[Records excerpted from a collection]
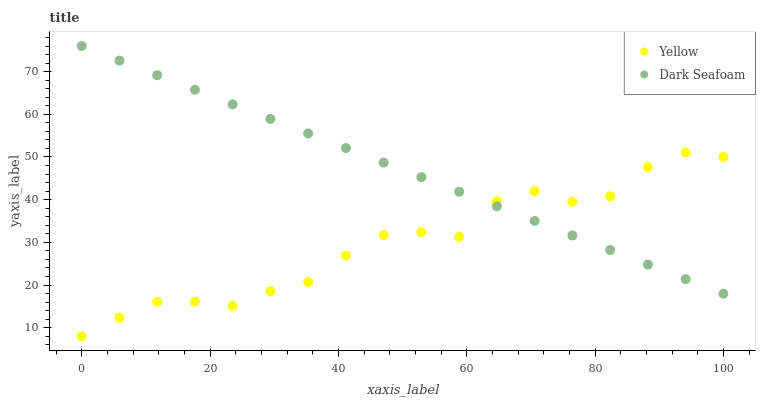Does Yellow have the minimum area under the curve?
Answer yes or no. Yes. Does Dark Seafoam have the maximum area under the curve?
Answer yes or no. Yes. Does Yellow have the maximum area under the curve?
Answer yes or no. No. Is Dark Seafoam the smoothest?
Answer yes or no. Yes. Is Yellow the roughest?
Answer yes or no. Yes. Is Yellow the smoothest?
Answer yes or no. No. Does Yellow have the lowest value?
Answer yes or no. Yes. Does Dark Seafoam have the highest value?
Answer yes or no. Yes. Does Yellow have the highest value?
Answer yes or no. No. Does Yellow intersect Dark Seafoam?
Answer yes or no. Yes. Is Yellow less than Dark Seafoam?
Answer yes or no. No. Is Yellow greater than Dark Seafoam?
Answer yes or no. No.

Exercise: Exactly as written, restate the lines above from the opening line through the one holding "Answer yes or no. Yes. Does Dark Seafoam have the highest", omitting the pictures.

Written reply:
Does Yellow have the minimum area under the curve?
Answer yes or no. Yes. Does Dark Seafoam have the maximum area under the curve?
Answer yes or no. Yes. Does Yellow have the maximum area under the curve?
Answer yes or no. No. Is Dark Seafoam the smoothest?
Answer yes or no. Yes. Is Yellow the roughest?
Answer yes or no. Yes. Is Yellow the smoothest?
Answer yes or no. No. Does Yellow have the lowest value?
Answer yes or no. Yes. Does Dark Seafoam have the highest value?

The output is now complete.